▶ [Work item]:
Copy nothing but the lines below running from the line containing "Concise answer only. 17.6%-20.8%." through the line containing "Write a very", both end lines included.
START Available data
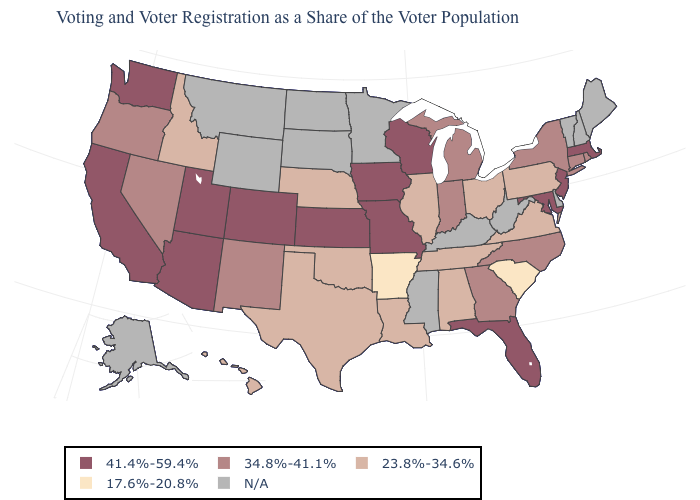Is the legend a continuous bar?
Keep it brief. No. What is the value of Texas?
Short answer required. 23.8%-34.6%. What is the value of South Dakota?
Be succinct. N/A. Name the states that have a value in the range 41.4%-59.4%?
Short answer required. Arizona, California, Colorado, Florida, Iowa, Kansas, Maryland, Massachusetts, Missouri, New Jersey, Utah, Washington, Wisconsin. Which states have the lowest value in the Northeast?
Be succinct. Pennsylvania. What is the lowest value in the South?
Give a very brief answer. 17.6%-20.8%. What is the lowest value in the USA?
Concise answer only. 17.6%-20.8%. What is the value of Ohio?
Quick response, please. 23.8%-34.6%. Does California have the lowest value in the West?
Short answer required. No. Among the states that border Kentucky , which have the highest value?
Write a very short answer. Missouri. Among the states that border Florida , which have the highest value?
Concise answer only. Georgia. What is the value of New York?
Short answer required. 34.8%-41.1%. What is the value of Montana?
Be succinct. N/A. Does the map have missing data?
Short answer required. Yes.
END Available data
▶ [Written answer]:
Concise answer only. 17.6%-20.8%. What is the value of Ohio?
Quick response, please. 23.8%-34.6%. Does California have the lowest value in the West?
Short answer required. No. Among the states that border Kentucky , which have the highest value?
Write a very short answer. Missouri. Among the states that border Florida , which have the highest value?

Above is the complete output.